読書の魅力や重要性について語る池上彰さん=9日、八戸市
ジャーナリスト池上彰さんの講演会が9日、「SG GROUP ホールはちのへ(八戸市公会堂)」で開かれた。池上さんは「本の力」をテーマに、訪れた市民ら約1300人に向けて、読書の重要性や楽しさを呼びかけた。
市立図書館150周年、市公会堂50周年、八戸ブックセンター8周年を記念した「本のまち八戸」魅力創出イベント「読書のとびら」の一環。八戸市読書会(14団体)と市が主催した。
池上さんは長野県生まれの東京育ち。NHKに入局後、2005年に独立。フリージャーナリストとして多方面で活躍する傍ら、五つの大学で教壇に立っている。

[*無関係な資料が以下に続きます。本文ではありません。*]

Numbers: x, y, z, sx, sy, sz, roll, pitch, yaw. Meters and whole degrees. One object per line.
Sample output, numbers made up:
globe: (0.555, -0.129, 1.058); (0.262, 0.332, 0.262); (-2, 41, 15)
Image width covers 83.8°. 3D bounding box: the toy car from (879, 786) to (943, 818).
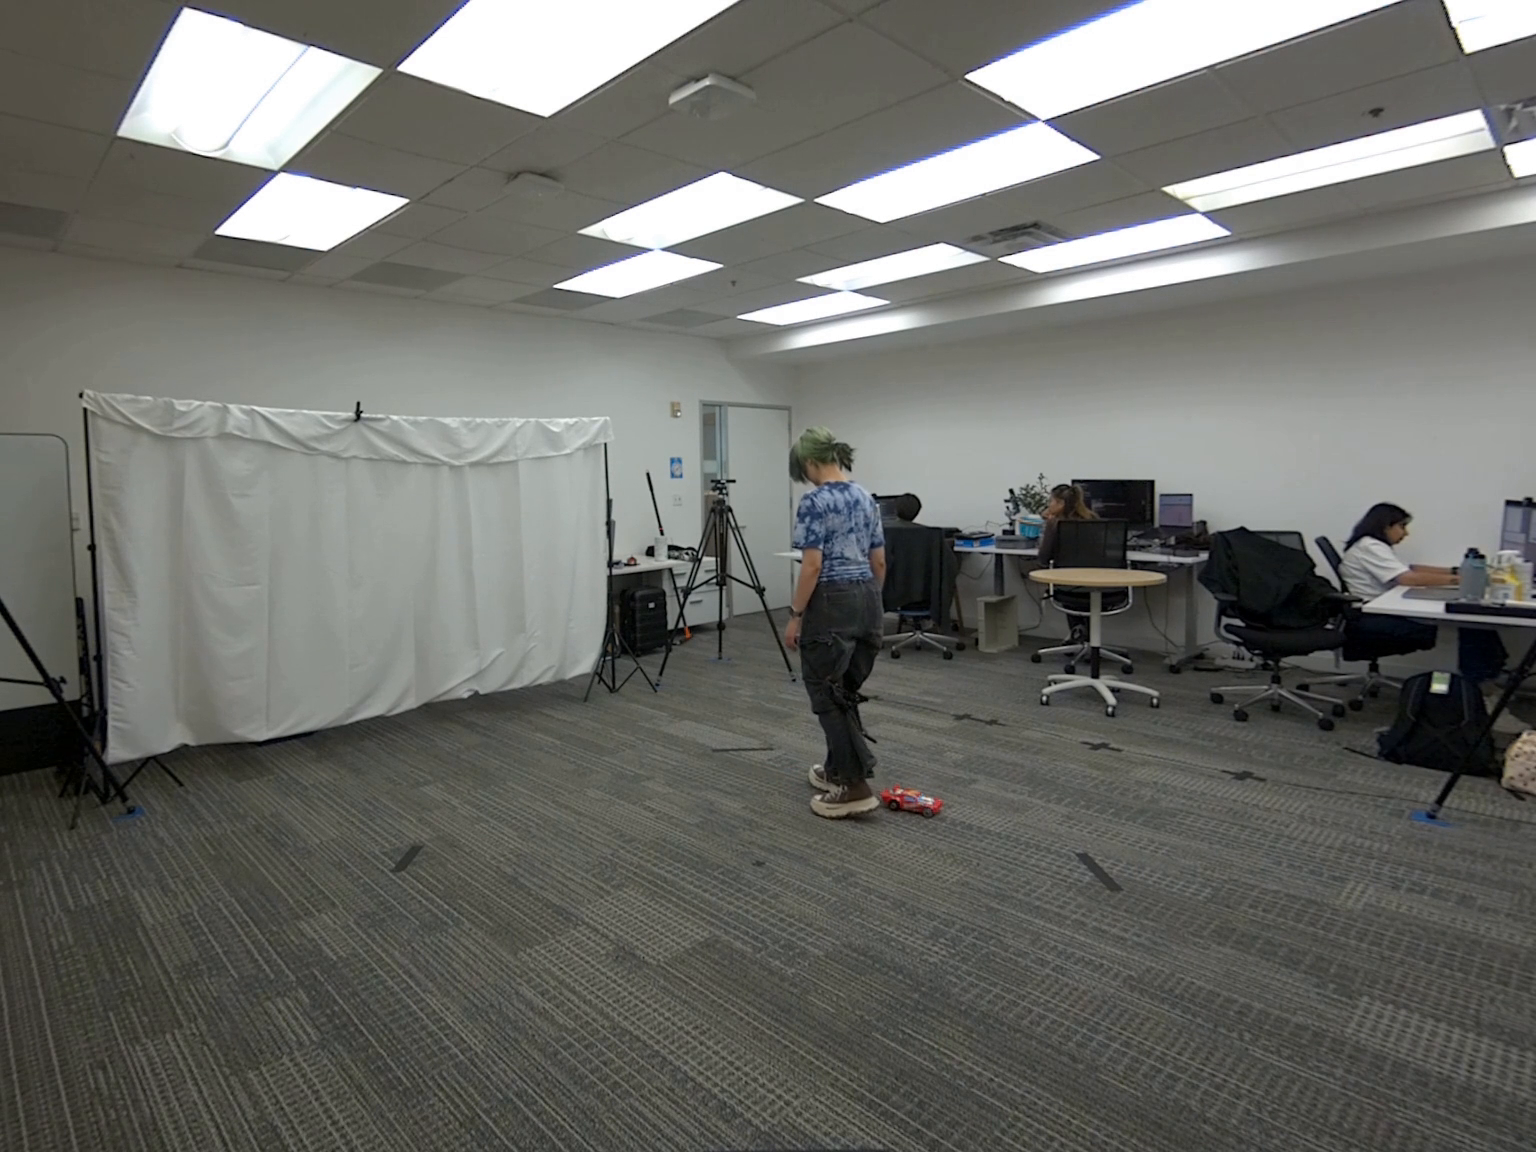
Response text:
toy car: (0.590, 0.943, 3.601); (0.262, 0.082, 0.127); (15, 14, 29)

池上さんは、現在に至るまでの読書遍歴や向き合い方を紹介。「本はただ読むだけじゃいけない。自分で内容について考え、さらに理解するための力も付けなきゃいけない」と強調した。指導する学生らと読書会を開催しており「同じ本を読んでも、読む人によって感想は違う。そこに耳を傾けることで世界が少し違って見えるようになる」と力を込めた。
若者の読書離れにも触れ、子どもに本を読ませるには「強制させるのではなく、まずは大人が楽しそうに本を読む姿を見せることが大事」と説明。「本について語り合う場も設けることで、自分自身の成長にもつながるはずだ」と述べた。
トーク後、地元高校生からの質問コーナーでは、影響を受けた本を紹介したほか、地方と首都圏との教育格差に関して持論を展開した。
会場では、市立図書館で除籍された本・雑誌などを来場者に無料提供する「リサイクルフェア」を開催。読書団体による絵本の読み聞かせも行われ、多くの家族連れらでにぎわった。